In the pit of a grey-walled amphitheatre on Northwestern University’s McKinlock (downtown Chicago) Campus last week a short, stocky, professor with a twinkle in his eye told how the deaf may hear through their fingers by means of an invention he had perfected. The profes- sor: Dr. Robert Harvey Gault, 57, for 22 years professor of psychology at Northwestern. The invention: the Gault Teletactor.

Eight years ago Dr. Gault began pondering the sensitiveness of man’s hands & fingers. After experimenting with an ordinary acousticon, he found that it was possible to discern the difference between vowels and consonants. He got a four-year leave of absence from Northwestern so that he could continue experimentations in Washington.

Not new last week was Dr. Gault’s Teletactor. An imperfect one was in use for several years at a school for the blind in Chicago. But three weeks ago Dr. Gault completed his new Teletactor, an entirely rebuilt instrument which has greater power, greater sensitivity.

In principle, the Teletactor is very much like a combination of the telephone and the radio.
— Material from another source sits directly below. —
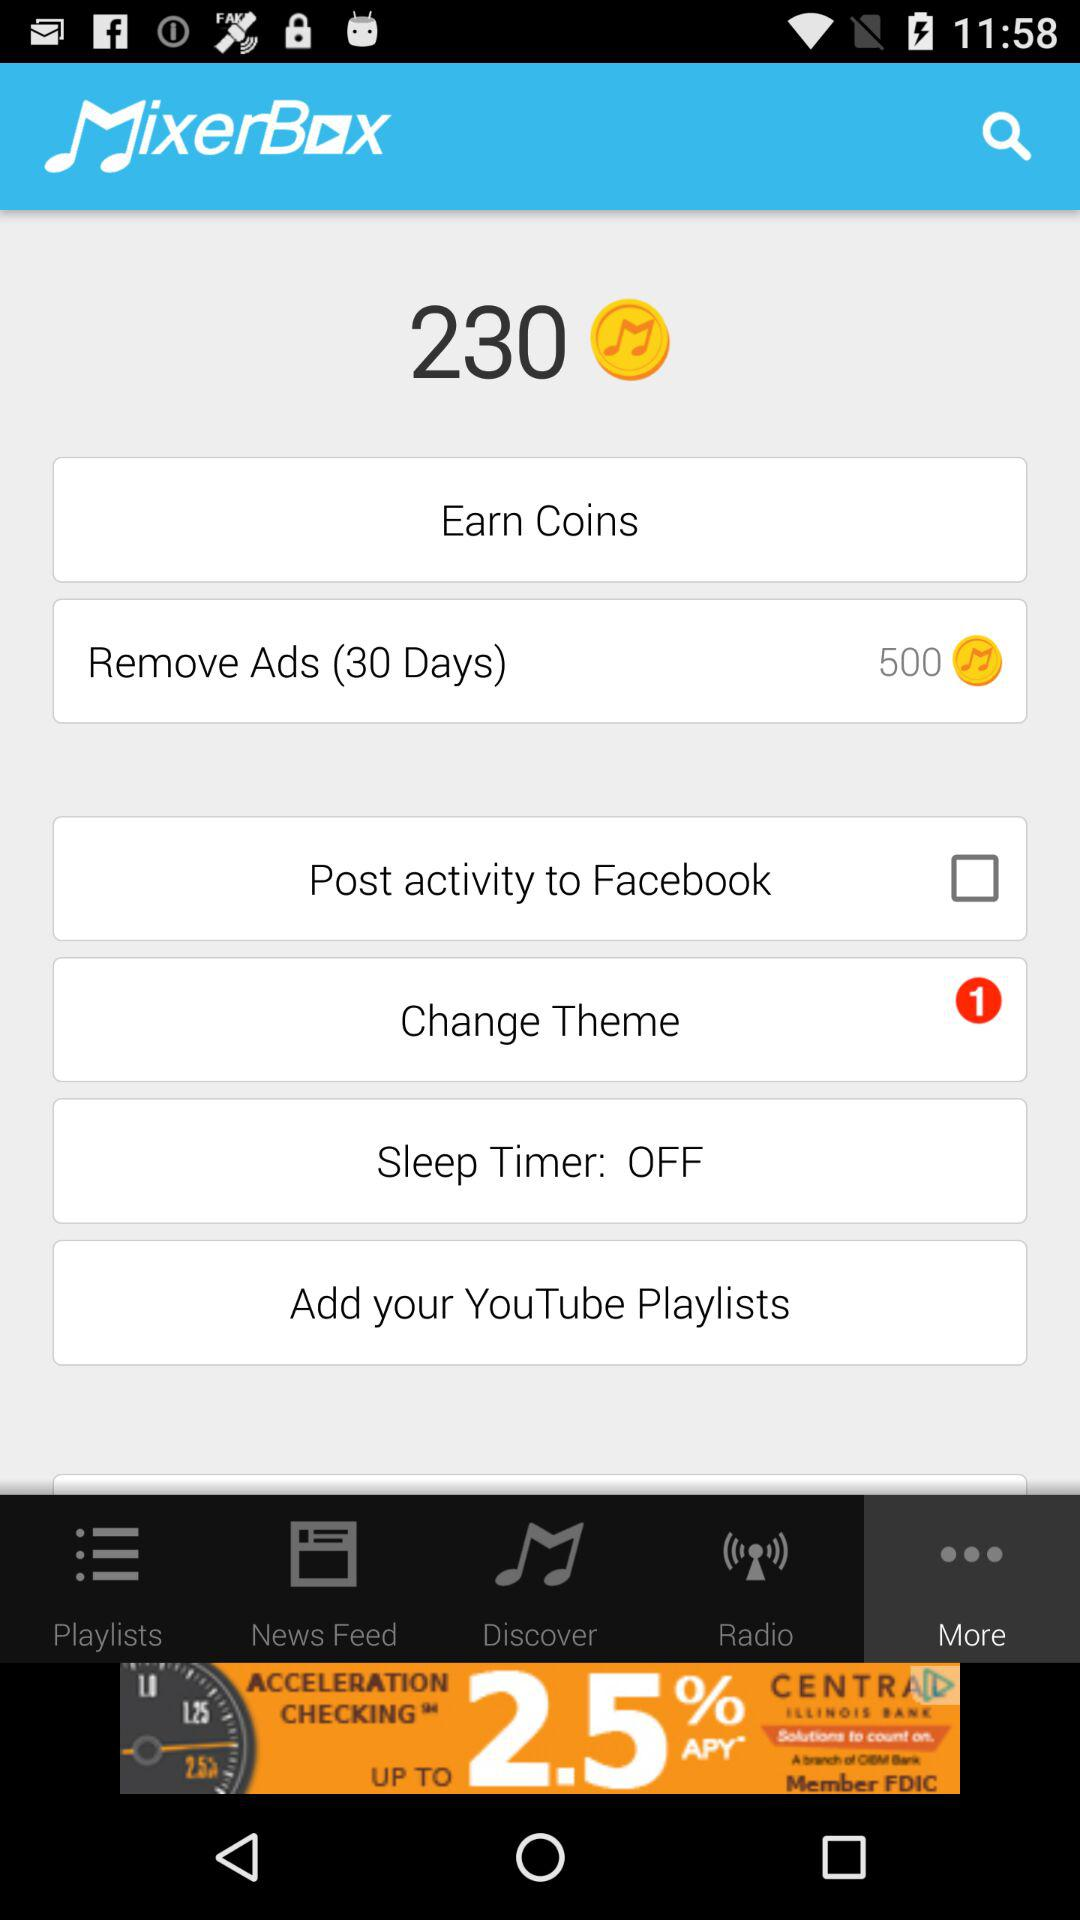What is the given name of the application? The given name of the application is "MixerBox".

The speaker talks into a microphone. By wires the voice is transmitted to the receiver, much more powerful and sensitive than the telephone receiver, topped by an aluminum plate, which vibrates with each tone of the voice. On this plate the deaf places his fingers, feels the sound of the voice.

Dr. Gault admitted that his instrument is not now intended to take the place of lip-reading—probably, he said, it never will. Says he: “For every 100 words that are recognized by the method of lipreading alone, 120 are recognized in what I call lip-touch-reading or in the condition of dual stimulation.”

Dr. Gault’s objective: to perfect a Teletactor small and compact that may, some day, be carried on the person.